The fastest growing demand-sectors in recent years include butter. The 2016 Report to Congress states that farmers received a $22 to $1 benefit cost ratio (BCR, aka return on investment) in that category.
That looks really great, right?
But again, this is based on the amount of “demand enhancing” funds actually spent on butter promotion in 2016 — right around $8 million for the year — the lowest category of all product promotion sectors to receive promotional funding, but the fastest rising in demand and value.
Put simply: Very little of the dairy farmer’s promotion funds (less than 2% of total checkoff funds) were used to promote butter, but sales have risen so fast in that category that the return on investment seems to be quite impressive. The “return” may have nothing to do with the “investment” under this scenario.
Meanwhile, Dairy Management Inc. (DMI) has continued consolidating the way it uses its national share of individual farms’ mandatory checkoff funds through business-to-business (B2B) partnerships where the goal is to influence the amount of dairy utilized by the top restaurant chains, pizza chains, and other foodservice companies in what they offer to consumers. This may become increasingly important as the government dietary guidelines and other factors pressure companies to use more plant-based options. But the drawback is that this B2B use of dollars feeds into further consolidation of the industry in terms of geographic winners and losers.
The key to looking at the 2016 Report’s BCR (returns on investment) calculations is the choices consumers are making where they actually have choices. Consumers are choosing whole milk and full-fat dairy at rising rates. Where they don’t have a choice, the low-fat and fat-free versions are enforced and offered. So while $110 million might have been spent by farmers and processors to enhance fluid milk demand, precious little, if any, has been used to promote the whole milk message due to USDA oversight of all advertising messages.
Part of the other half of checkoff funds not included in the “demand enhancing” and “promotion” BCR (return on investment) calculation is in dollars funneled toward the Innovation Center for U.S. Dairy.
What is the Innovation Center, farmers wonder?
The Innovation Center is the part of DMI that is considered “pre-competitive.” This includes new product development, like fairlife.
The Innovation Center also includes the FARM program that governs animal care standards and is increasingly seen as a methodical tool to control and cull dairy farmers by management style. Dairy producer checkoff funds have paid for the FARM program through DMI’s Innovation Center even though National Milk Producers Federation (NMPF) implements and administers FARM with DMI paying NMPF for certain services and NMPF paying DMI for other services.

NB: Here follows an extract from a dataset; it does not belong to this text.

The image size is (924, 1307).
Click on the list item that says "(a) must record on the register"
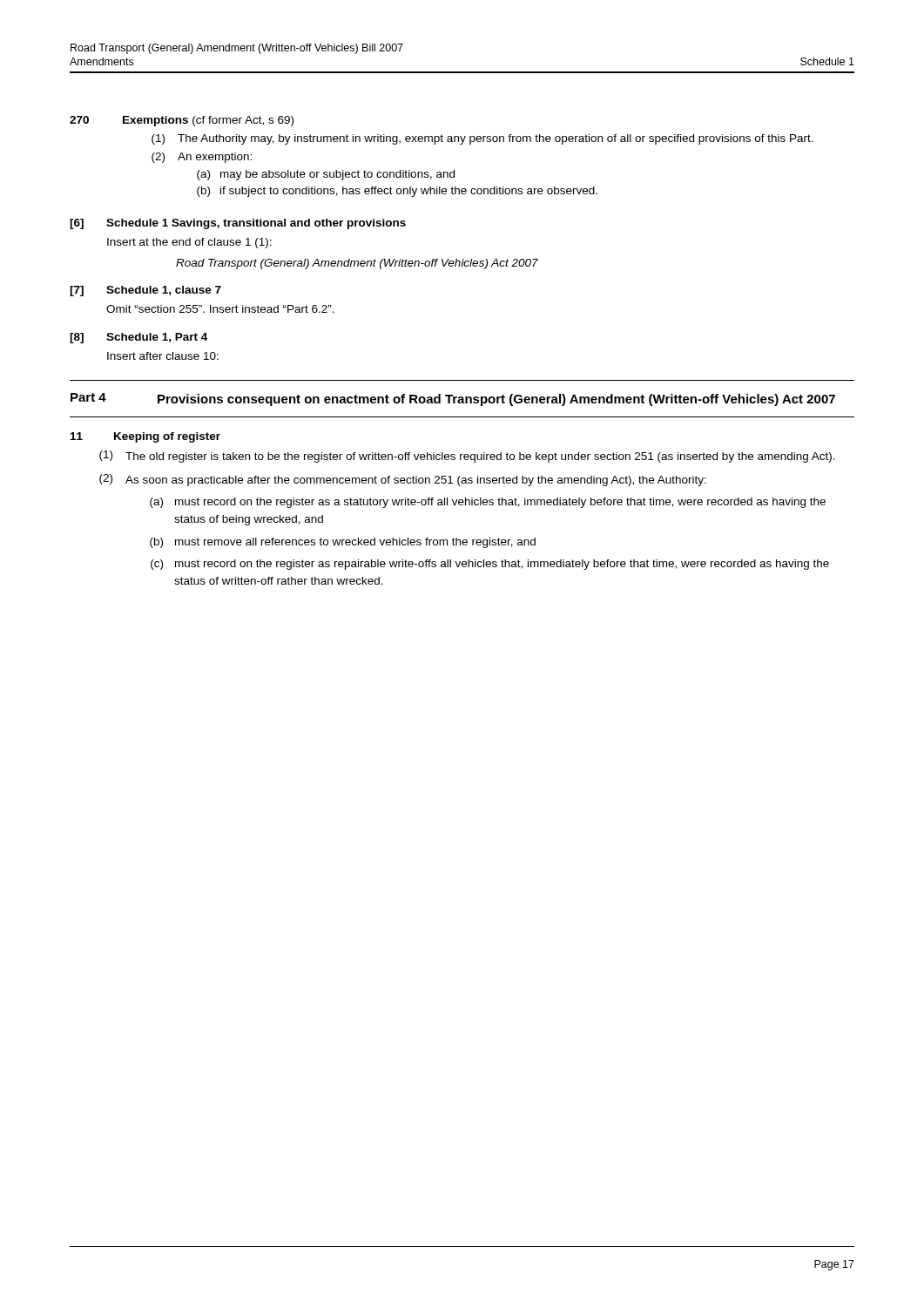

The Innovation Center also includes the “sustainability” standards being set for FARM in conjunction with World Wildlife Fund (WWF) to streamline the dairy “industry” for WWF’s sustainability stamp-of-approval.
This alliance is clear when spending a little time browsing the WWF website at https://www.worldwildlife.org/industries/dairy. The DMI “partnership” with WWF through the checkoff-funded Innovation Center is also at this link https://www.worldwildlife.org/partnerships/innovation-center-for-us-dairy
Both links are housed by WWF’s website and WWF is also working in alliance with the beef checkoff to set sustainability parameters for U.S. cattlemen as well.
Meanwhile, HSUS is among the proponents of the OFF legislation introduced by Senators a week ago. This is the counter we here, how farm organizations seeking competitive markets are working on the same side with HSUS.
For the record, Dairy Checkoff and Beef Checkoff are working with WWF, and WWF is barely one step away from HSUS in terms of having an anti-animal-use agenda.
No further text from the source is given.